- Directed by: Moses Inwang
- Release date: 2023;
- Country: Nigeria

= Blood Vessel (2023 film) =

Nigerian thriller film

Blood Vessel is a Nigerian drama thriller film directed by Moses Inwang, and produced by Charles Okpaleke, Arafat Bello-Osagie, Roxanne Adekunle-Wright, and Agozie Ugwu. The film stars Dibor Adaobi and David Ezekiel as the main protagonists with Swanky JKA, Levi Chikere, Obinna Okenwa, and Sylvester Ekanem as supporting characters.
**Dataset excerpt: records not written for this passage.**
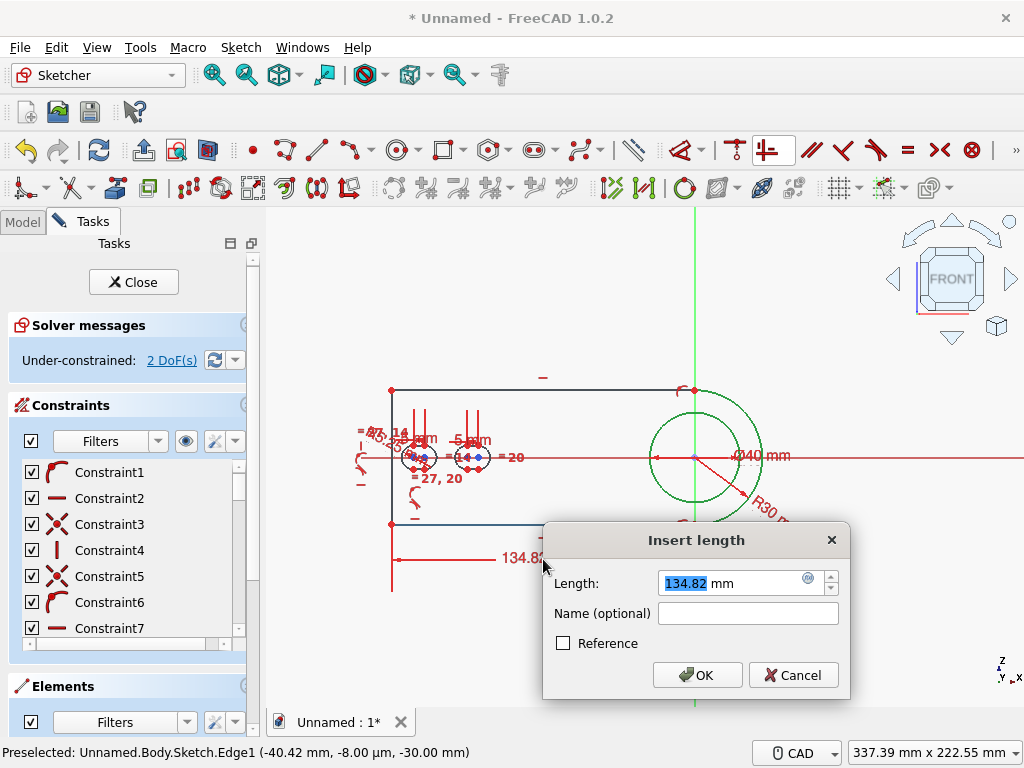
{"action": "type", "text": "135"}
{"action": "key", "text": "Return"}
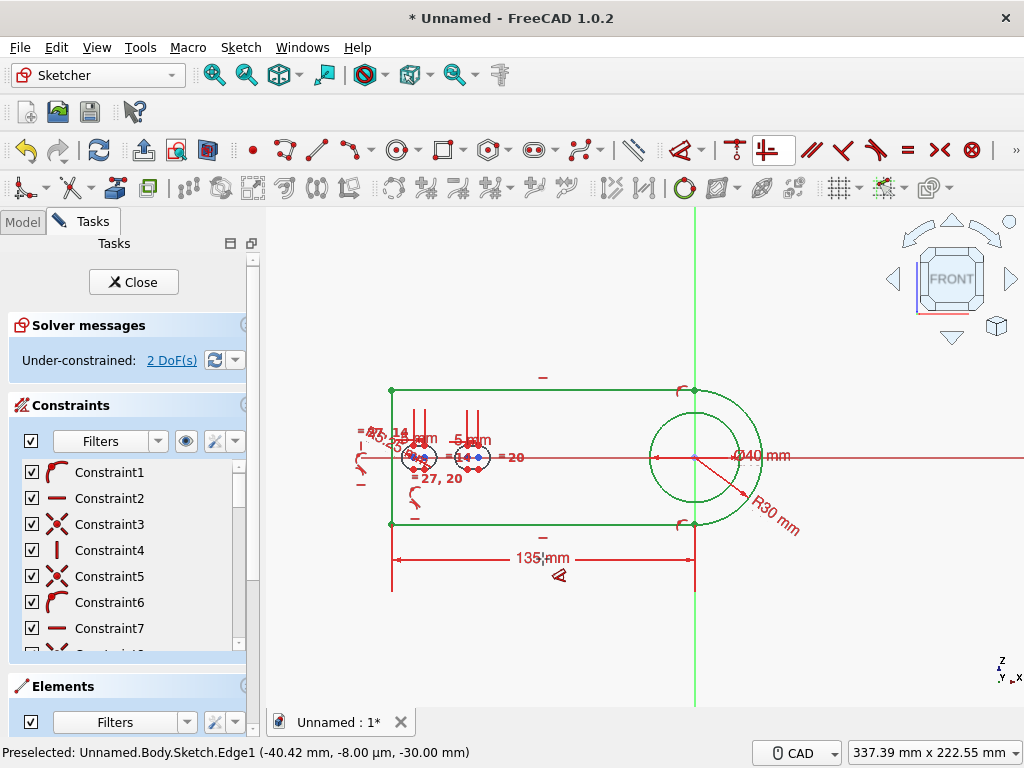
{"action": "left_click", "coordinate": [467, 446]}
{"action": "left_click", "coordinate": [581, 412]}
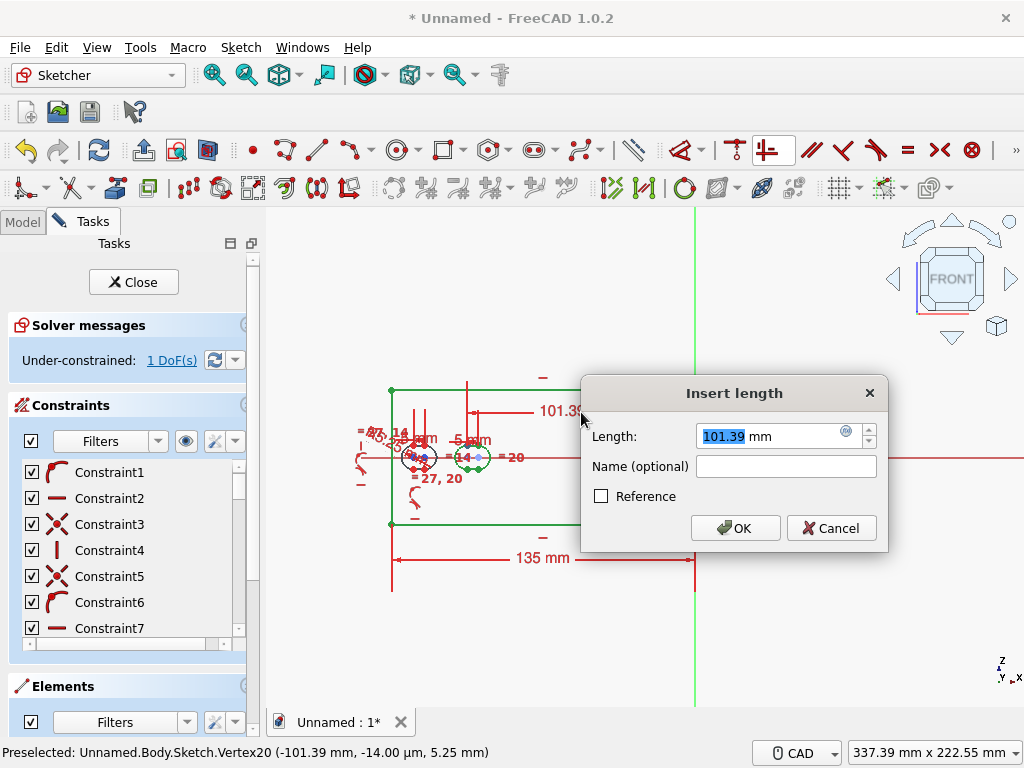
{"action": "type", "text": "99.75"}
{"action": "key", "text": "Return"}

The film was released to Netflix on December 8, 2023, to popular reception, maintaining its position on the Top 10 list for two consecutive weeks. The film is the first Netflix film to use the Ijaw language extensively in its dialogue, and include an Ijaw language subtitle option as well.

==Synopsis==
Set against the backdrop of the Niger Delta oil conflict, six young people fleeing a town devastated by oil pollution and political unrest stow away on a ship laden with stolen crude oil and embark on a perilous journey across the Atlantic Ocean—not realizing the dangers that await. Trapped for days in a small hold, they eventually come face to face with a cruel Russian rogue captain and his men. As more and more of them are killed or tortured, the youngest of them, Abbey, manages to get out and fight to make it out alive.

==Cast==
- Dibor Adaobi as Oyinbrakemi
- David Ezekiel as Abbey
- Swanky JKA as Boma
- Levi Chikere as Degbe
- Obinna Okenwa as Olotu
- Sylvester Ekanem as Tekena
- Emmanuel Abanobi as Oyin's cousin
- Victor Akpan as Commander Kome
- Katerine Ataman as Anya
- Francis Duru as Pere
- Alexis Ebi as Bibi
- Pere Egbi as Captain Qudus
- Ovunda Ihunwo as Ogola
- Abraham Jehu as Bemeyi
- Bimbo Manuel as Ebiye
- Ebele Okaro-Onyiuke as Ebi
- Isioma Owere as Funembi
- Joy Success as Tamara
- Haillie Sumney as Tessi
- Norbert Young as Gesiye
- John Dumelo as Commander John
- Alex Budin as Igor
- Timi Clement as Larry

==Release==
Blood Vessel was released on Netflix on December 8, 2023, and became the most-watched film in the Non-English Film category by garnering 4.4 million views between December 11 and 17. The film had 8.8 million viewing watch hours, maintaining its position on the top 10 list for two consecutive weeks.

==Awards==
At the 2024 Africa Magic Viewers' Choice Awards, Blood Vessel won Best Sound Design for Gray Jones Ossai and Fisayo Adefolaju.